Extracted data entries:
"""

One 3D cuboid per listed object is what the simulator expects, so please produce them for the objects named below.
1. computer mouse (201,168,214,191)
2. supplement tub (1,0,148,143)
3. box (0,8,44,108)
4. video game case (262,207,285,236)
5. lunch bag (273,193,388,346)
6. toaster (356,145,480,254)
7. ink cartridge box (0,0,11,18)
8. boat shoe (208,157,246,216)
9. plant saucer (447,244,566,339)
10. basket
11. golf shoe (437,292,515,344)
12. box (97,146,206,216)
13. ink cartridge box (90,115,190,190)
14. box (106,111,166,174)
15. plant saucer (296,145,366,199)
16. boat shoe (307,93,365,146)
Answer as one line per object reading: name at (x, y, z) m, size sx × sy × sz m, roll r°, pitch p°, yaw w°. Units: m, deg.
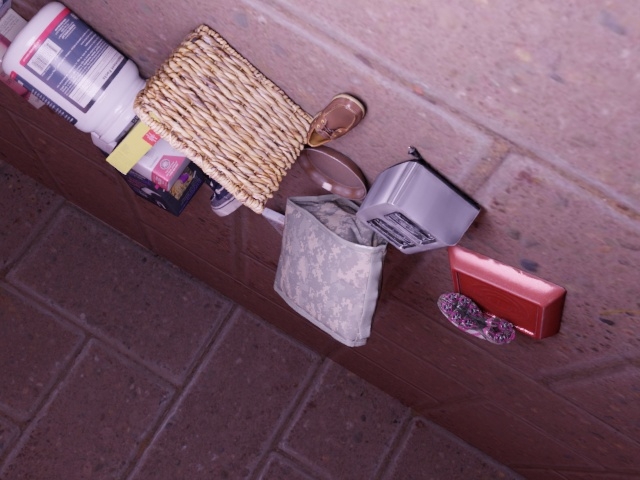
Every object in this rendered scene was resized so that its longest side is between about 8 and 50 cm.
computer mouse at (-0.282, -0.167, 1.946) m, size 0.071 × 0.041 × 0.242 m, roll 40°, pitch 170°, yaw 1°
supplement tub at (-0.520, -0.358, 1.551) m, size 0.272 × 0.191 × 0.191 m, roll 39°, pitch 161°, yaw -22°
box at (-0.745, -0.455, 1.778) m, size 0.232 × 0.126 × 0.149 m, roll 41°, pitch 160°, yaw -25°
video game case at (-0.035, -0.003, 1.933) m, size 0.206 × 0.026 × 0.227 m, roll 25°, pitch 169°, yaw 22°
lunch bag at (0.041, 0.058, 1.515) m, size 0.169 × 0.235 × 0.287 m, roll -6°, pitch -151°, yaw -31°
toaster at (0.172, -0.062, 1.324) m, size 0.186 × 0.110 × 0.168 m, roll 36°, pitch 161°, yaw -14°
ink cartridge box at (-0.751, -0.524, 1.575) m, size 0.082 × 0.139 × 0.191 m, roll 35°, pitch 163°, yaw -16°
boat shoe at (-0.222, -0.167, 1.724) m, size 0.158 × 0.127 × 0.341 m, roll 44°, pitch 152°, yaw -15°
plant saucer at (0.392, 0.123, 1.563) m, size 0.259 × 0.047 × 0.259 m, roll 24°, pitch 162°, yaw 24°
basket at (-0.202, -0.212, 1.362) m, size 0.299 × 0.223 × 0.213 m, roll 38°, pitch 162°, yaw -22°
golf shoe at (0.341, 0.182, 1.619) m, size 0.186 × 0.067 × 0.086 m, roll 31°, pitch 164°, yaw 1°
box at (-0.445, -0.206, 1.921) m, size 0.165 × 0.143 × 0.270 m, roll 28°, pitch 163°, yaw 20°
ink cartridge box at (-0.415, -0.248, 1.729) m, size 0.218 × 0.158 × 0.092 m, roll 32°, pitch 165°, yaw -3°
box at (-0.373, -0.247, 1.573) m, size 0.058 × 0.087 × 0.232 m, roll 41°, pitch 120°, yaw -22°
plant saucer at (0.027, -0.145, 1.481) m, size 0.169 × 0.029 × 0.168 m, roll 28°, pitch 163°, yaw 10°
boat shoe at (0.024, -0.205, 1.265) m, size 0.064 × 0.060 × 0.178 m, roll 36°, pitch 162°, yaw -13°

"""

§ WHAT TO WORK ON
The data above must be copied exactly. Leave out the pictures.

§ TASK SOLUTION
One 3D cuboid per listed object is what the simulator expects, so please produce them for the objects named below.
1. computer mouse (201,168,214,191)
2. supplement tub (1,0,148,143)
3. box (0,8,44,108)
4. video game case (262,207,285,236)
5. lunch bag (273,193,388,346)
6. toaster (356,145,480,254)
7. ink cartridge box (0,0,11,18)
8. boat shoe (208,157,246,216)
9. plant saucer (447,244,566,339)
10. basket
11. golf shoe (437,292,515,344)
12. box (97,146,206,216)
13. ink cartridge box (90,115,190,190)
14. box (106,111,166,174)
15. plant saucer (296,145,366,199)
16. boat shoe (307,93,365,146)
Answer as one line per object reading: name at (x, y, z) m, size sx × sy × sz m, roll r°, pitch p°, yaw w°. Units: m, deg.
Every object in this rendered scene was resized so that its longest side is between about 8 and 50 cm.
computer mouse at (-0.282, -0.167, 1.946) m, size 0.071 × 0.041 × 0.242 m, roll 40°, pitch 170°, yaw 1°
supplement tub at (-0.520, -0.358, 1.551) m, size 0.272 × 0.191 × 0.191 m, roll 39°, pitch 161°, yaw -22°
box at (-0.745, -0.455, 1.778) m, size 0.232 × 0.126 × 0.149 m, roll 41°, pitch 160°, yaw -25°
video game case at (-0.035, -0.003, 1.933) m, size 0.206 × 0.026 × 0.227 m, roll 25°, pitch 169°, yaw 22°
lunch bag at (0.041, 0.058, 1.515) m, size 0.169 × 0.235 × 0.287 m, roll -6°, pitch -151°, yaw -31°
toaster at (0.172, -0.062, 1.324) m, size 0.186 × 0.110 × 0.168 m, roll 36°, pitch 161°, yaw -14°
ink cartridge box at (-0.751, -0.524, 1.575) m, size 0.082 × 0.139 × 0.191 m, roll 35°, pitch 163°, yaw -16°
boat shoe at (-0.222, -0.167, 1.724) m, size 0.158 × 0.127 × 0.341 m, roll 44°, pitch 152°, yaw -15°
plant saucer at (0.392, 0.123, 1.563) m, size 0.259 × 0.047 × 0.259 m, roll 24°, pitch 162°, yaw 24°
basket at (-0.202, -0.212, 1.362) m, size 0.299 × 0.223 × 0.213 m, roll 38°, pitch 162°, yaw -22°
golf shoe at (0.341, 0.182, 1.619) m, size 0.186 × 0.067 × 0.086 m, roll 31°, pitch 164°, yaw 1°
box at (-0.445, -0.206, 1.921) m, size 0.165 × 0.143 × 0.270 m, roll 28°, pitch 163°, yaw 20°
ink cartridge box at (-0.415, -0.248, 1.729) m, size 0.218 × 0.158 × 0.092 m, roll 32°, pitch 165°, yaw -3°
box at (-0.373, -0.247, 1.573) m, size 0.058 × 0.087 × 0.232 m, roll 41°, pitch 120°, yaw -22°
plant saucer at (0.027, -0.145, 1.481) m, size 0.169 × 0.029 × 0.168 m, roll 28°, pitch 163°, yaw 10°
boat shoe at (0.024, -0.205, 1.265) m, size 0.064 × 0.060 × 0.178 m, roll 36°, pitch 162°, yaw -13°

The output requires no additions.